TAMS also showed its Ultimax multipurpose x-ray system with DynaDirect FPD technology. The all-digital x-ray system performs diagnostic R/F, non-vascular interventional and general angiographic procedures.

GE Medical Systems Information Technologies (GEMSIT of Milwaukee) displayed a technology that allows physicians to identify microvolt T-Wave Alternans (T-WA), which indicates an electrical instability in the heart. Patients with microvolt T-WA are at high risk to warrant therapy, such as the implantation of a heart defibrillator.

GEMSIT’s technology uses what the company calls a “time domain test” that allows for the detection of T-WA at relatively low heart rates in short exercise intervals. Patients with low ejection fraction have difficulty elevating their heart rates for long periods of time.

The very first cardiac ultrasound reflectoscope made its U.S. debut at the ACC’s meeting in 1977. (See photo above.)

The reflectoscope comes to ACC courtesy of the Medical History Museum of the University of Lund (Sweden).

The reflectoscope was developed by Siemens in October 1953 and was first applied to the heart by Inge Edler, head of the department of cardiology at the University Hospital (Lund), and by Carl Helmuth Hertz, a graduate student at the time. Siemens, Edler and Hertz pioneered the clinical application of ultrasound in the medical diagnosis of abnormalities in the heart.

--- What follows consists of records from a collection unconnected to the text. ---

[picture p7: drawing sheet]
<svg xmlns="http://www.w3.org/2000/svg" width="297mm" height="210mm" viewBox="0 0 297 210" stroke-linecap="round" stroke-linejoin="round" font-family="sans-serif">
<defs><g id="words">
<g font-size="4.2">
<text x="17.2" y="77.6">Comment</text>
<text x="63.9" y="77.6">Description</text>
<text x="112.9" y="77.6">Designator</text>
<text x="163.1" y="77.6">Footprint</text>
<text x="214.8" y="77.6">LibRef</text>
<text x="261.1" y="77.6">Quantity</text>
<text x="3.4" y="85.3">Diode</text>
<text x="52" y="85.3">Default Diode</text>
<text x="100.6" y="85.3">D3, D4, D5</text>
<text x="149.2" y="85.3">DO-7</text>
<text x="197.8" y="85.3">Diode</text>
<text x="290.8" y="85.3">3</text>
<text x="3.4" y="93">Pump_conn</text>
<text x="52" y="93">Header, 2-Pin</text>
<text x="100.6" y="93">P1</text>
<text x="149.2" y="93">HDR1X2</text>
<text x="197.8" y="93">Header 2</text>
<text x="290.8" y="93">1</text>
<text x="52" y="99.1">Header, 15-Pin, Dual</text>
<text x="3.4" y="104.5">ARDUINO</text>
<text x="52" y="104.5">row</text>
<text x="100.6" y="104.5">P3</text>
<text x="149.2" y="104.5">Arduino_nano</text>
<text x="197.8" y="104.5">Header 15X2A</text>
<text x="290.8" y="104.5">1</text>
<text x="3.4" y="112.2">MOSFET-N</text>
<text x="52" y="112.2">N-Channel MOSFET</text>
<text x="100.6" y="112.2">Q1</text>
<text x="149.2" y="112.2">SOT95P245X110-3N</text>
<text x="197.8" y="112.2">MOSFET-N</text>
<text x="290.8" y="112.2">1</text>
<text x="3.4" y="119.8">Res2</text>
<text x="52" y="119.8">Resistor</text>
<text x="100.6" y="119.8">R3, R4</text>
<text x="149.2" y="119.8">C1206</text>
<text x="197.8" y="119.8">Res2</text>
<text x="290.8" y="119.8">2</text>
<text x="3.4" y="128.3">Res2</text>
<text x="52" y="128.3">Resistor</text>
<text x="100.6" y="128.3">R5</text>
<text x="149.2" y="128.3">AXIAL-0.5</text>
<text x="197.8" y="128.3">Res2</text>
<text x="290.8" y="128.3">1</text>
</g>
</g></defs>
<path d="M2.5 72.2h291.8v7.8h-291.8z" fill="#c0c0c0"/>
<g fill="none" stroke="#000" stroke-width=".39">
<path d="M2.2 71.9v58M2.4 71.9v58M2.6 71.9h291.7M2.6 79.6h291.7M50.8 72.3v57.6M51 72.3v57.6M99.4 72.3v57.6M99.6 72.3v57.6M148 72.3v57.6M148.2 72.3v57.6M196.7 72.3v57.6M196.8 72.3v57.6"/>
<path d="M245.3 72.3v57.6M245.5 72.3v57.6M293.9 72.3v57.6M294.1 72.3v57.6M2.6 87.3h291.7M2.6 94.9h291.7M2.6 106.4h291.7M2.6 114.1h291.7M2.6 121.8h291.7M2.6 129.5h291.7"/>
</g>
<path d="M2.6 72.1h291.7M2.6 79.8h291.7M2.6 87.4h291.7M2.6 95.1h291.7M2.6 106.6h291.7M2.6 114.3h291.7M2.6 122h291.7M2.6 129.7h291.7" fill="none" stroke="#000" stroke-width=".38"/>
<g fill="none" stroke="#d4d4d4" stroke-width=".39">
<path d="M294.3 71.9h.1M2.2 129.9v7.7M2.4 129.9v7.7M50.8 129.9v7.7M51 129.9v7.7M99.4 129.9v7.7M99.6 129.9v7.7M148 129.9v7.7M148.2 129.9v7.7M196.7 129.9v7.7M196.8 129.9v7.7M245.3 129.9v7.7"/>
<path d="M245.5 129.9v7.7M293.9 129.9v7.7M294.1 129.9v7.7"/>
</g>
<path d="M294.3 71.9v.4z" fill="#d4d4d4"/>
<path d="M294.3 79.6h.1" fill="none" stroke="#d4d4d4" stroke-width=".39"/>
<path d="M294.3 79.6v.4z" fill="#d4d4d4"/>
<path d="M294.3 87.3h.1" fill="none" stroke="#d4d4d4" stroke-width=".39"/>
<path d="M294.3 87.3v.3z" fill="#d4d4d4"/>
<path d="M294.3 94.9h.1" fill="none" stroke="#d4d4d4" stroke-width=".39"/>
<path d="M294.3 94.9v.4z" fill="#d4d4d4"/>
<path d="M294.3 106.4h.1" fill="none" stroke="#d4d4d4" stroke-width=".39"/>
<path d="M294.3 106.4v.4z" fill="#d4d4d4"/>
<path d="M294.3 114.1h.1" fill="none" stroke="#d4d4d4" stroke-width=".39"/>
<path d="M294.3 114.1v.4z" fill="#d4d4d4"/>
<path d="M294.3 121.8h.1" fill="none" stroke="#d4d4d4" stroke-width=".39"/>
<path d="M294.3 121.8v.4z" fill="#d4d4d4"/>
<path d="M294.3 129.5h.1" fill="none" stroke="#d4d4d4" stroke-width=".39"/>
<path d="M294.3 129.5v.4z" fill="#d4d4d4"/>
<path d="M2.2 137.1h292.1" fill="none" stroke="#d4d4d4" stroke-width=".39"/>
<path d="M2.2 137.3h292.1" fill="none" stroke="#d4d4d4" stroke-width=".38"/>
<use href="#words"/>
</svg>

Konica and Minolta set timetable for companies’ proposed merger
Konica Corp. (Tokyo) and Minolta Co. Ltd. (Osaka, Japan) have signed a letter of intent to merge in August and complete the integration of the companies’ management, businesses and imaging products by October.

Konica Corp. is the parent company of Konica Medical Imaging (Wayne, N.J.), which offers NetStar image management systems, computed radiography (CR) systems, DryPro dry laser imagers, film processors, and medical imaging and laser films. Konica’s product lines also feature cameras, consumer imaging products, optical technologies and photosensitive materials.

Minolta specializes in office-based image information products, such as printers and other color output devices.

Wayne Thompson, president and COO of Konica Medical Imaging, in a prepared statement, said the added resources of Minolta will help Konica Medical Imaging “offer our customers rapid advancements in digital, imaging and networking products.”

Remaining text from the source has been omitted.